The tool call appears in the event stream like any other tool invocation:
{
"type": "tool_call_requested",
"name": "memory_search",
"args": {
"query": "database migration steps from earlier",
"limit": 5
}
}
Results are returned as a JSON array with similarity scores:
[
{
"content": "We agreed to use sequential migrations with...",
"score": 0.87,
"session_id": "019467d9-7e3a-7000-8000-000000000000",
"turn": 3
}
]
Scores range from 0.0 (no match) to 1.0 (exact match). Useful results are typically above 0.7.
Compaction
Context compaction triggers automatically when the conversation history exceeds a token threshold. The compactor summarizes older turns, keeps recent ones, and indexes discarded messages into memory.

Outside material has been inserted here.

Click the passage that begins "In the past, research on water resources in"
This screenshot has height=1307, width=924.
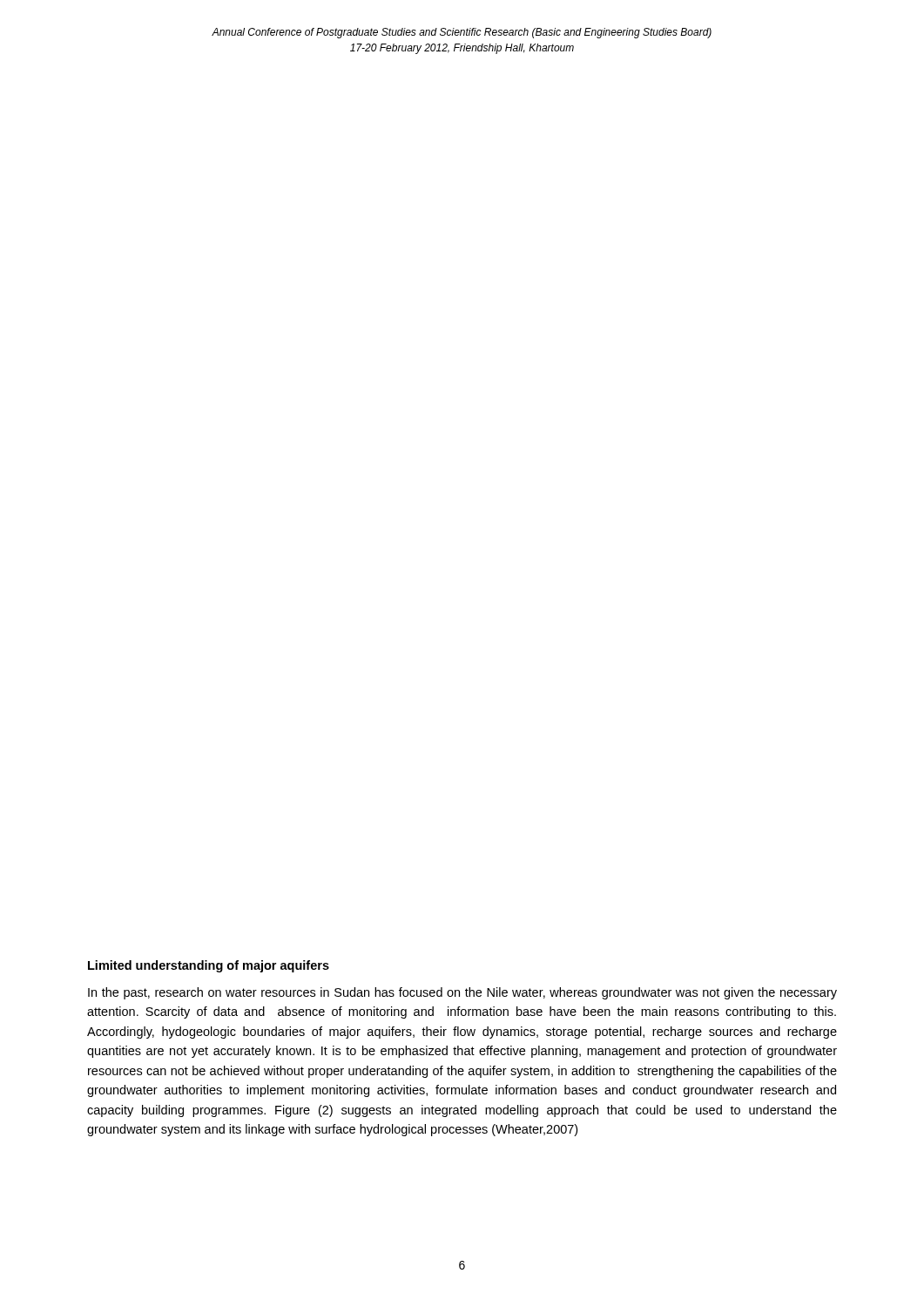[462, 1061]
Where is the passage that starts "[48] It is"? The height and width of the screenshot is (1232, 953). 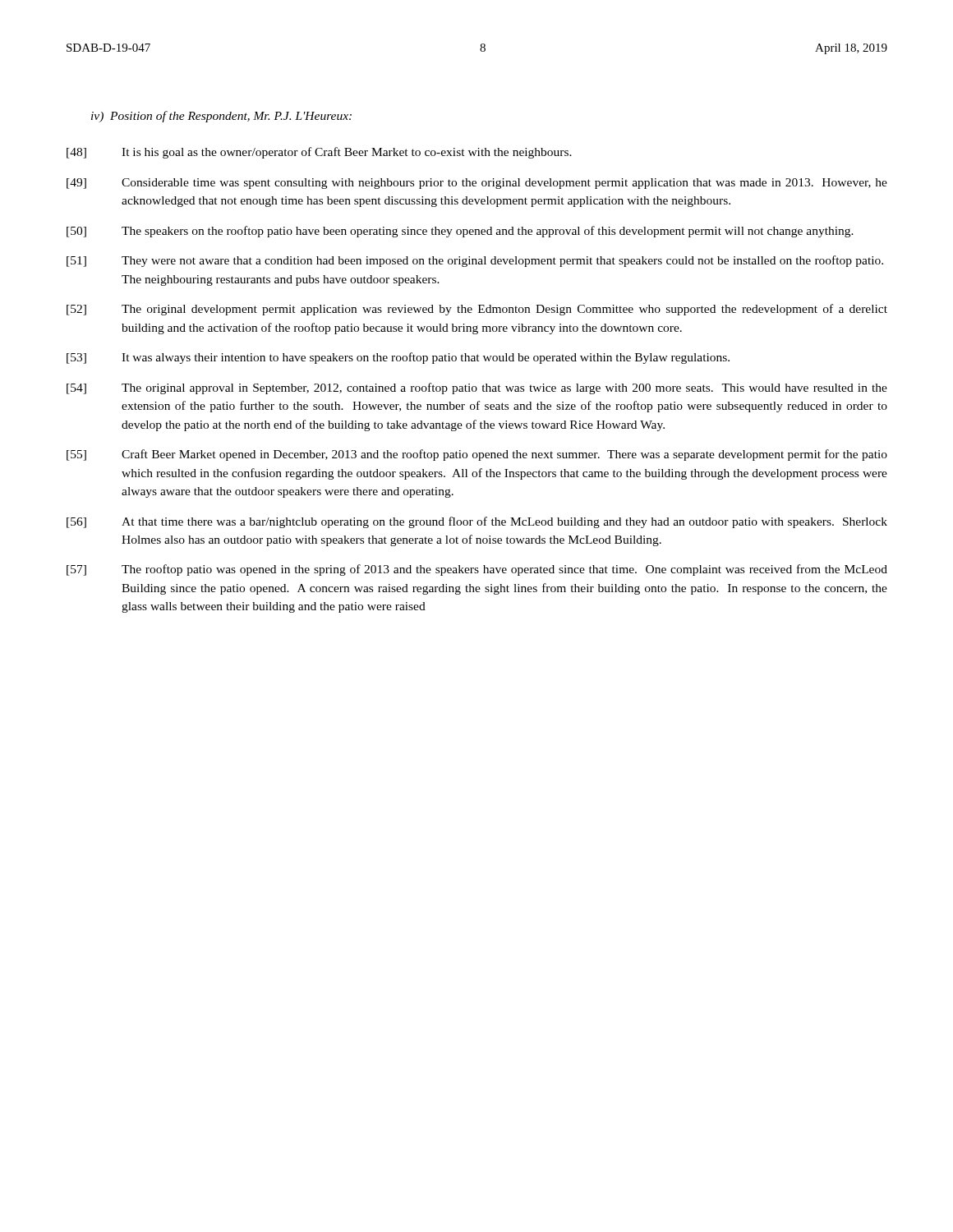coord(476,153)

The compaction cycle emits events into the session stream:
// CompactionStarted -- context has grown past threshold
{
"type": "compaction_started",
"input_tokens": 105000,
"estimated_history_tokens": 112000,
"message_count": 48
}
// CompactionCompleted -- history rebuilt with summary
{
"type": "compaction_completed",
"summary_tokens": 2048,
"messages_before": 48,
"messages_after": 12
}
// CompactionFailed -- session is not mutated on failure
{
"type": "compaction_failed",
"error": "LLM returned empty summary"
}
Custom thresholds via the Rust SDK:
let compactor = DefaultCompactor::new(CompactionConfig {
auto_compact_threshold: 50_000,
recent_turn_budget: 6,
max_summary_tokens: 8192,
min_turns_between_compactions: 5,
});
Budget limits
Cap resource usage per session with token, time, and tool-call limits. When a budget is exhausted, the agent loop terminates gracefully.
CLI
JSON-RPC
REST
MCP
Python
TypeScript
Rust
rkat run "Research this topic" \
--max-total-tokens 10000 \
--max-duration 30s \
--max-tool-calls 5
{
"jsonrpc": "2.0", "id": 1,
"method": "session/create",
"params": {
"prompt": "Research this topic",
"budget_limits": {
"max_total_tokens": 10000,
"max_duration_ms": 30000,
"max_tool_calls": 5
}
}
}
curl -X POST http://127.0.0.1:8080/sessions \
-H "Content-Type: application/json" \
-d '{
"prompt": "Research this topic",
"budget_limits": {
"max_total_tokens": 10000,
"max_duration_ms": 30000,
"max_tool_calls": 5
}
}'
{
"name": "meerkat_run",
"arguments": {
"prompt": "Research this topic",
"enable_builtins": true,
"budget_limits": {
"max_tokens": 10000,
"max_duration_secs": 30,
"max_tool_calls": 5
}
}
}
result = client.create_session(
"Research this topic",
budget_limits={
"max_total_tokens": 10000,
"max_duration_ms": 30000,
"max_tool_calls": 5,
},
)
const result = await client.createSession({
prompt: "Research this topic",
budgetLimits: {
maxTotalTokens: 10000,
maxDurationMs: 30000,
maxToolCalls: 5,
},
});
let build_opts = SessionBuildOptions {
budget_limits: Some(BudgetLimits {
max_tokens: Some(10_000),
max_duration: Some(Duration::from_secs(30)),
max_tool_calls: Some(5),
}),
..Default::default()
};
Budget events
When consumption nears a limit, a warning event is emitted before the budget is fully exhausted:
{
"type": "budget_warning",
"budget_type": "max_tokens",
"used": 8500,
"limit": 10000,
"percent": 85.0
}
Retry policy
Transient LLM errors (rate limits, network timeouts) trigger automatic retries with exponential backoff. Each retry attempt emits an event:
{
"type": "retrying",
"attempt": 2,
"max_attempts": 5,
"error": "rate_limit_exceeded",
"delay_ms": 4000
}
Retries consume time budget but not token budget. If the time budget expires during a backoff wait, the agent terminates with a budget-exhausted error.